Lorsque Lénine et ses compagnons insistèrent pour que Plékhanov soit membre de la rédaction, celui-ci demanda comment les choses se passeraient avec six rédacteurs (Plékhanov, Axelrod et Zassoulitch pour les vétérans, et Lénine, Martov et Potressov pour la jeune génération) lorsqu’il faudrait voter. Véra Zassoulitch proposa alors que Plékhanov bénéficie de deux voix, cependant que les autres en auraient une chacun.

Alors Plékhanov prend en mains les rênes du pouvoir et se met, jouant le rédacteur en chef, à répartir les rubriques et les articles entre les assistants, sur un ton ne souffrant pas de réplique. Nous restons tous là consternés, acceptant passivement toutes choses, incapables encore de digérer ce qui nous arrive. Nous sentons que nous sommes joués.

2.3 Le lancement fin 1900

En décembre 1900, le premier numéro de l’Iskra est achevé.  L'éditorial intitulé Les tâches les plus urgentes de notre mouvement est l'œuvre de Lénine lui-même, et il affirme « la nécessité d’organiser un parti révolutionnaire en coordonnant toute l’activité des groupes locaux et permettant d’organiser un travail révolutionnaire régulier ». Lénine résume encore cet objectif dans Par où commencer ?, article publié en mai 1901, dans le quatrième numéro.

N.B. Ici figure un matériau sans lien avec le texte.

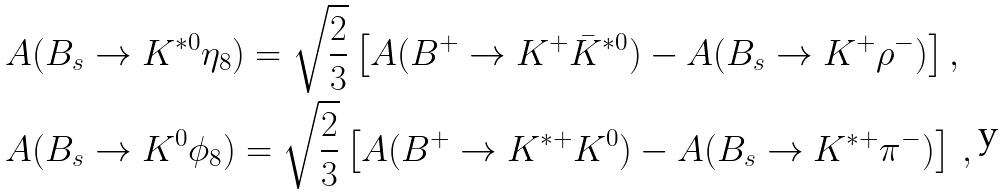Convert formula to latex. <formula><loc_0><loc_0><loc_500><loc_500>& A ( B _ { s } \to K ^ { * 0 } \eta _ { 8 } ) = \sqrt { \frac { 2 } { 3 } } \left [ A ( B ^ { + } \to K ^ { + } \bar { K } ^ { * 0 } ) - A ( B _ { s } \to K ^ { + } \rho ^ { - } ) \right ] , \\ & A ( B _ { s } \to K ^ { 0 } \phi _ { 8 } ) = \sqrt { \frac { 2 } { 3 } } \left [ A ( B ^ { + } \to K ^ { * + } K ^ { 0 } ) - A ( B _ { s } \to K ^ { * + } \pi ^ { - } ) \right ] \, ,</formula>

Il y met en avant l'importance du journal comme lien organique du Parti, permettant de mener une « politique pour toute la Russie ». Le journal est le fil conducteur permettant de bâtir une organisation efficace, rassemblant et organisant toutes les forces révolutionnaires. Lénine évoque, à cet égard, la nécessité d’établir, précisément par la réalisation d’un journal commun, produit d’une œuvre commune, une « liaison effective » entre tous les « collaborateurs », permettant de construire la médiation pratique incitant « à progresser constamment dans toutes les voies nombreuses qui mènent à la révolution ».

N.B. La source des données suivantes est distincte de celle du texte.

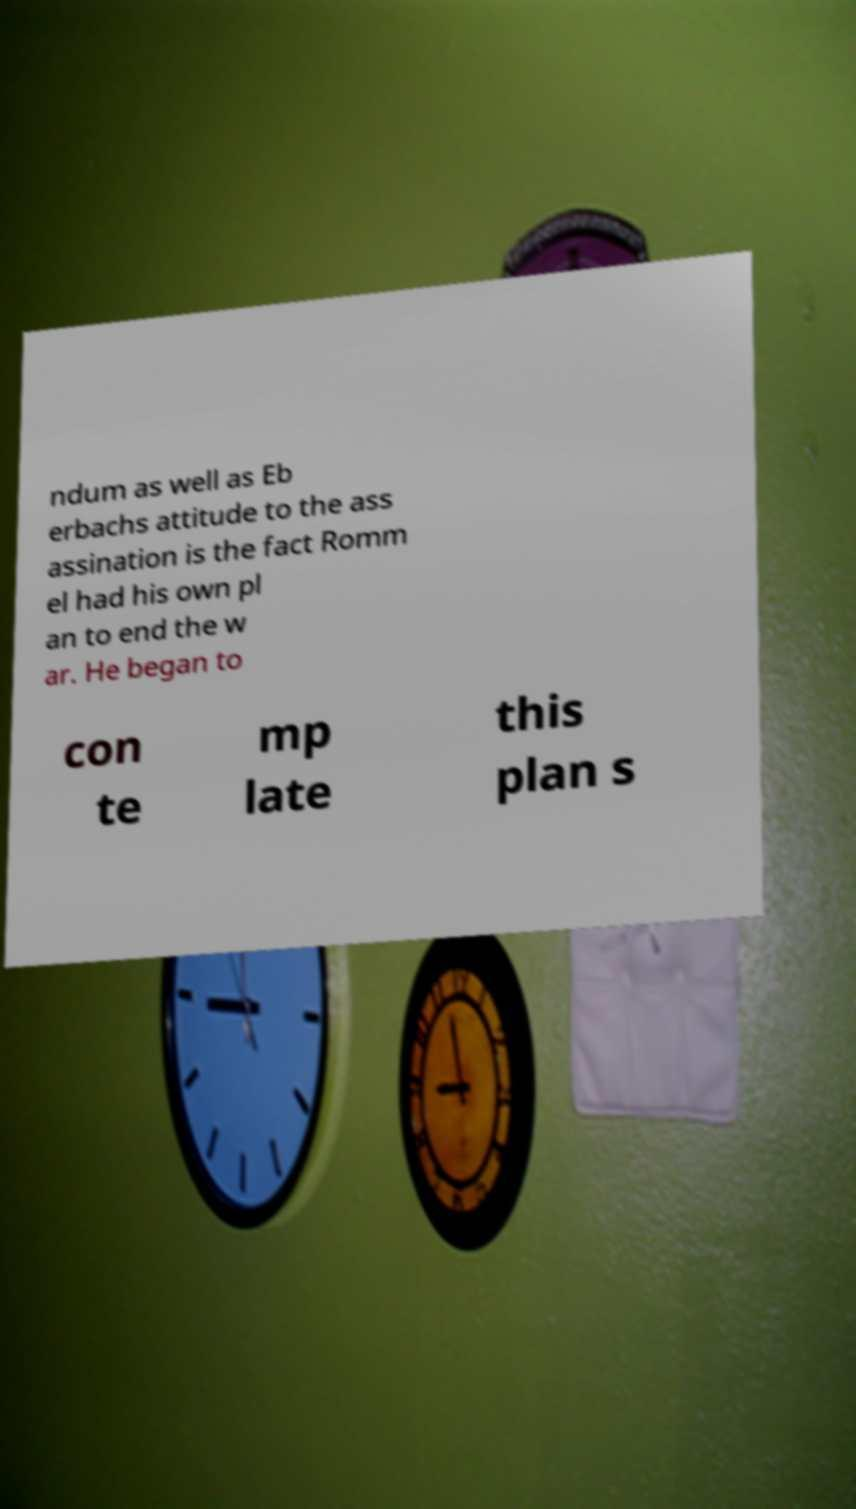I need the written content from this picture converted into text. Can you do that? ndum as well as Eb erbachs attitude to the ass assination is the fact Romm el had his own pl an to end the w ar. He began to con te mp late this plan s

Le journal devait tenir un langage clair mais qui permettait, à son tour, d’élever la conscience politique des travailleurs. Lénine tenait aussi particulièrement à ce que le journal paraisse régulièrement pour devenir un point de repère.

2.4 Les débuts difficiles

Cependant le chemin n'est pas facile. Lénine reprend l'impression du journal en Allemagne, alors que Plekhanov voulait s'installer en Suisse. Des sociaux-démocrates allemands aident Lénine à s'installer et à trouver du matériel d'impression permettant l'impression des caractères cyrilliques. Ils collaborent également au transport clandestin et illégal du journal à travers la frontière germano-russe. L'Iskra, interdite, devait être introduite en Russie en contrebande. Mais elle devint vite le journal clandestin le plus lu depuis 50 ans.[2]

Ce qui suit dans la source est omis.